Start of DATA SHOWN
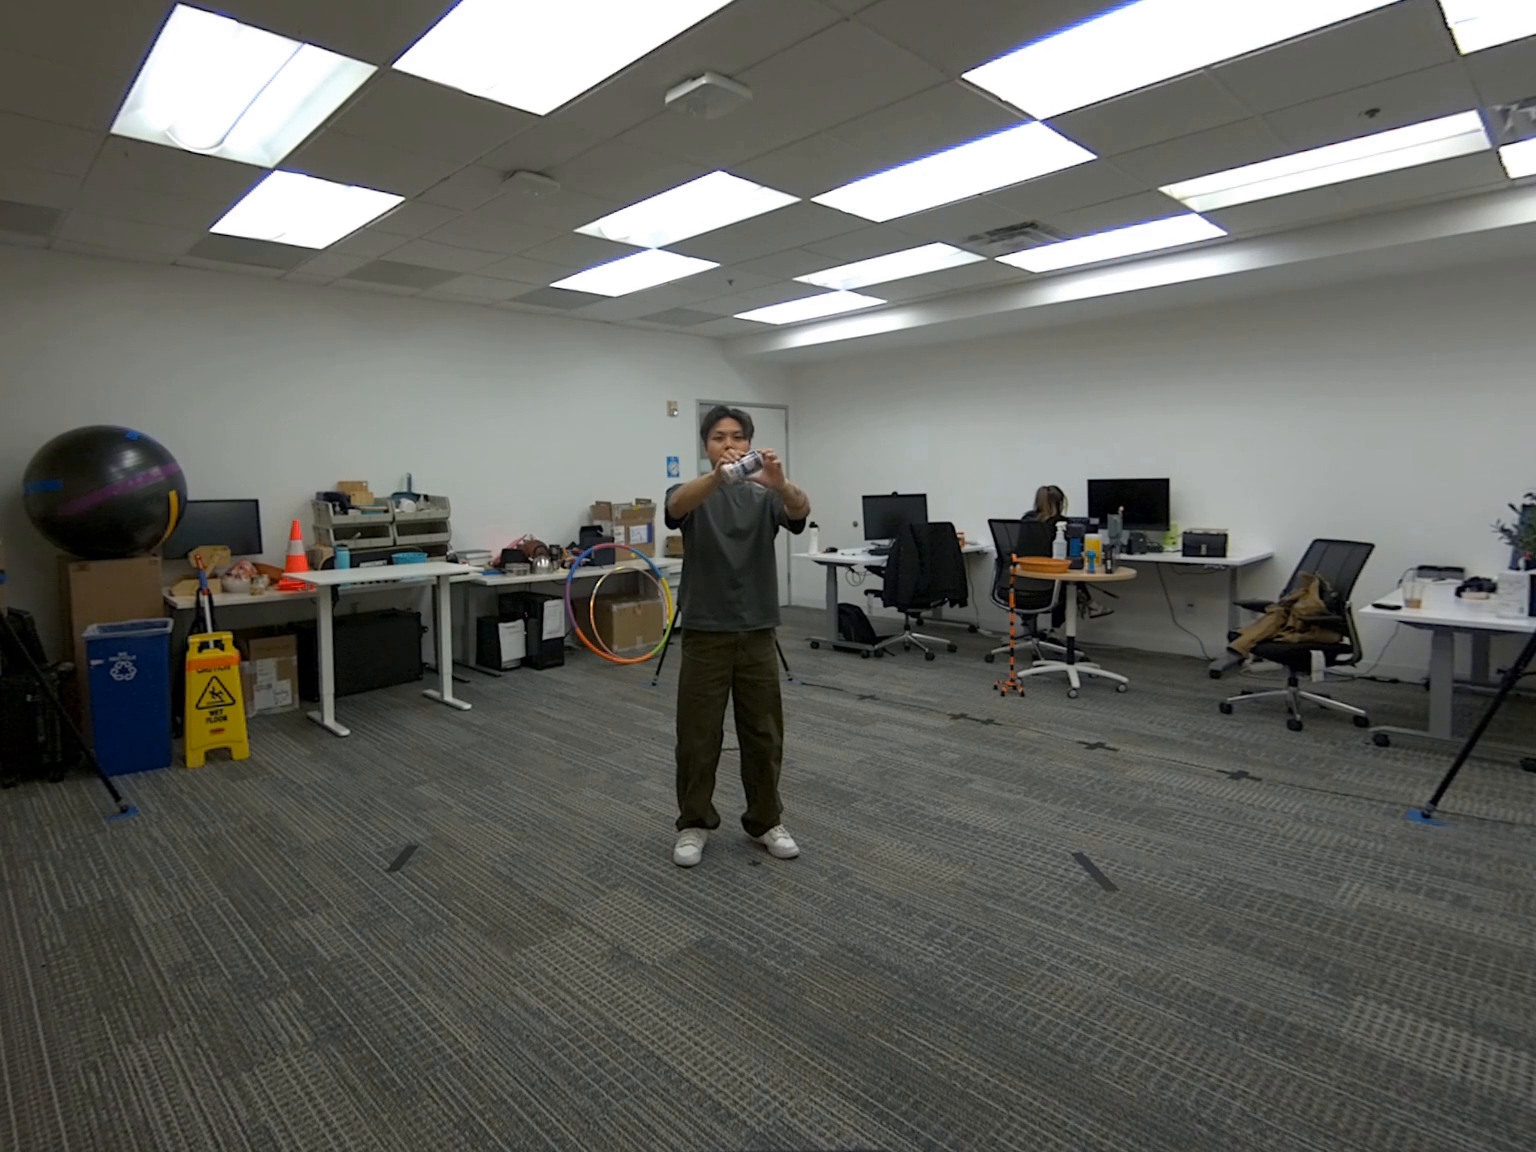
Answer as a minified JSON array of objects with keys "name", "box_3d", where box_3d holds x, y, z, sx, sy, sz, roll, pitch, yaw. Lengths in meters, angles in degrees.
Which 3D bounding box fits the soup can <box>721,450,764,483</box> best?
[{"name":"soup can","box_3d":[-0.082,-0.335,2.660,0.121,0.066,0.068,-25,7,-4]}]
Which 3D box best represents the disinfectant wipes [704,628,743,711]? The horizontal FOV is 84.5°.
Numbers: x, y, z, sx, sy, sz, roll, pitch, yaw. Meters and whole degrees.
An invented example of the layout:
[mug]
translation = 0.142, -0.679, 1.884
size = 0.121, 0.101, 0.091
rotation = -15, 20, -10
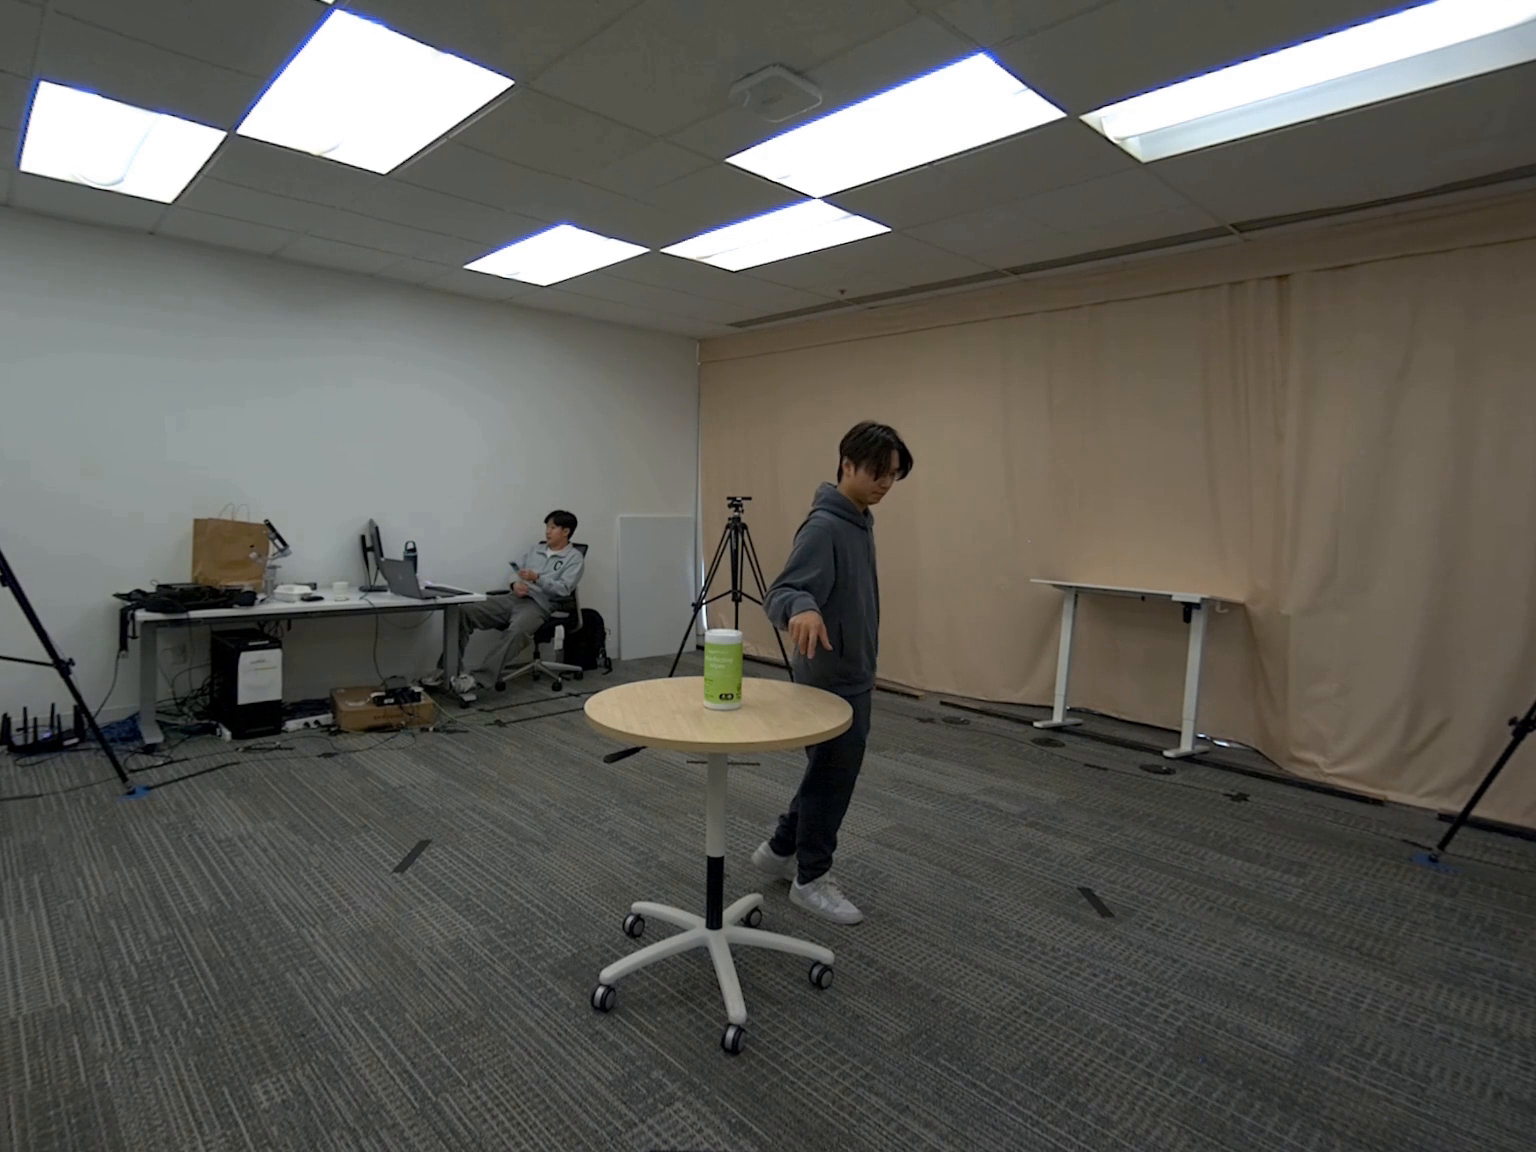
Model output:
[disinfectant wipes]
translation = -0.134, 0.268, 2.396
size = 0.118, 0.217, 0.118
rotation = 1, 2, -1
End of DATA SHOWN
• ACTION ITEM
From the entries above, extract every line where the word "degrees" appears.

• EXERCISE SOLUTION
Answer as a minified JSON array of objects with keys "name", "box_3d", where box_3d holds x, y, z, sx, sy, sz, roll, pitch, yaw. Lengths in meters, angles in degrees.
Numbers: x, y, z, sx, sy, sz, roll, pitch, yaw. Meters and whole degrees.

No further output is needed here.